Archiving break records from Pullup jobs

The ability to archive break records allows you to automatically export CSV files containing the break records of DQ jobs on JDBC connections to external storage containers, such as Amazon S3 buckets. By offloading break records to cloud storage, you have more control over how you manage the results of your DQ jobs, and you can store data in the supported remote connection of your choice. Additionally, this relieves potential capacity issues of the PostgreSQL metastore where, when jobs with link IDs back to their source return break records, the large amount of data included in the records can overload the PostgreSQL metastore rule_breaks table and lead to database crashes.

You can send break records to the following remote file storage providers:

architecture of pullup external break record storage

Important When archive breaking records is turned on, rule break records no longer write to the PostgreSQL metastore.

Note When you leverage the Spark 3.2.2 standalone installation that comes with the AWS marketplace installation, be aware that the existing hadoop-aws-3.2.1.jar is incompatible with the AWS S3 Archive feature. To update the hadoop-aws-3.2.1.jar to hadoop-aws-3.3.1.jar in the spark/jars directory, obtain the file from the following link:  Apache Downloads.



Contact your CS or SE for assistance if you encounter any difficulties locating the jar file.

Break record details

Pullup jobs can currently export the break records of rules to your cloud storage service in a CSV file so you can manage it outside of Collibra Data Quality & Observability.

This table shows an example of the rule record metadata included in the export file.

Dataset Run Id Rule Name Link Id
ORACLE_DQUSER.NYSE_001 Tue Jan 16 00:00:00 GMT 2018 SQLG_VOLUME_001 ES~|2079300.0000
ORACLE_DQUSER.NYSE_001 Tue Jan 16 00:00:00 GMT 2018 SQLG_VOLUME_001 ESE~|252600.0000
ORACLE_DQUSER.NYSE_001 Tue Jan 16 00:00:00 GMT 2018 SQLG_VOLUME_001 ESL~|410200.0000

Prerequisites

The following table shows the available external storage options and the requirements for each.

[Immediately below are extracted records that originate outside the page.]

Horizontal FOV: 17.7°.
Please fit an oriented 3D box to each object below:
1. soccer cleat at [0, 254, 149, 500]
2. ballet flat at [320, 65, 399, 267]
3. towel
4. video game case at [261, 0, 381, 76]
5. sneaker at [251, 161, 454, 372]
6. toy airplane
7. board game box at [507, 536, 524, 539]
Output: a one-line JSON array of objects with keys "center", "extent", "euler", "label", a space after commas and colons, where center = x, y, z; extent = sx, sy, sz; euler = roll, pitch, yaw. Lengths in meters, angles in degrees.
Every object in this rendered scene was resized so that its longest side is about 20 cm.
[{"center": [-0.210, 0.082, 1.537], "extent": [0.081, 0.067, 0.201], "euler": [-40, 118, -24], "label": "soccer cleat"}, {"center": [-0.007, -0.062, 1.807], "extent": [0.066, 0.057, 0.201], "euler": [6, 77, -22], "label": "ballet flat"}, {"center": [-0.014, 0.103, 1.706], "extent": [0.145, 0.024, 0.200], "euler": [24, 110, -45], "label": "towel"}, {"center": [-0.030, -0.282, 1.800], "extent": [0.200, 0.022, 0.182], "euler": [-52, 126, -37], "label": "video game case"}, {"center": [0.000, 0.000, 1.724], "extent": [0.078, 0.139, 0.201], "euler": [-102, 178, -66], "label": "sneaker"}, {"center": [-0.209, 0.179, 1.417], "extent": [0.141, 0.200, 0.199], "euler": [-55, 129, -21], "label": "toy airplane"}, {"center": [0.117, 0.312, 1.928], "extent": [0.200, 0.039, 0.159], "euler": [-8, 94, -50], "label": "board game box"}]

Storage option Prerequisites
Amazon S3
  • An Amazon S3 connection.
  • Read and write access on your Amazon S3 bucket.
  • Minimum required bucket permissions...
    Copy
    {
        "Version": "YYYY-MM-DD",
        "Statement": [
            {
                "Sid": "VisualEditor0",
                "Effect": "Allow",
                "Action": [
                    "s3:ListStorageLensConfigurations",
                    "s3:ListAccessPointsForObjectLambda",
                    "s3:GetAccessPoint",
                    "s3:PutAccountPublicAccessBlock",
                    "s3:GetAccountPublicAccessBlock",
                    "s3:ListAllMyBuckets",
                    "s3:ListAccessPoints",
                    "s3:PutAccessPointPublicAccessBlock",
                    "s3:ListJobs",
                    "s3:PutStorageLensConfiguration",
                    "s3:ListMultiRegionAccessPoints",
                    "s3:CreateJob"
                ],
                "Resource": "*"
            },
            {
                "Sid": "VisualEditor1",
                "Effect": "Allow",
                "Action": "s3:*",
                "Resource": [
                    "arn:aws:s3:::YOURS3BUCKETNAME",
                    "arn:aws:s3:::YOURS3BUCKETNAME/*"
                ]
            }
        ]
    }
ADLS
  • An ADLS connection.
  • Read and write access on your ADLS bucket.
Azure Blob
  • An Azure Blob connection.
  • Read and write access on your Azure Blob bucket.

Steps

  1. From Explorer, connect to a data source.
  2. In the Scope Select, click Add Link Back to Source and assign a Link ID to a column.
  3. Finish setting up your DQ job, then click Save/Run.
  4. On the Config tab, click DQ Job.
  5. Select the Archive Breaks option.
  6. Select an external storage output option from the Archive Connection dropdown menu.
  7. Click Estimate Job.
  8. Click Run.
  9. When a record breaks, its metadata exports automatically to your external storage service.
  1. From Explorer, connect to a data source.
  2. Select a scanning method.
  3. In the Select Columns step, assign a Link ID to a column.
  4. In the lower left corner, click gear iconSettings.
  5. Under the Data Quality Job section, select the Archive Breaking Records option.
  6. From the Archive Breaking Records dropdown menu, select the external storage option to which break records will send.
  7. Click Save.
  8. Set up and run your DQ job.
  9. When a record breaks, its metadata exports automatically to your external storage service.

Important Ensure that a column is assigned as the Link ID for external break record archival to work properly.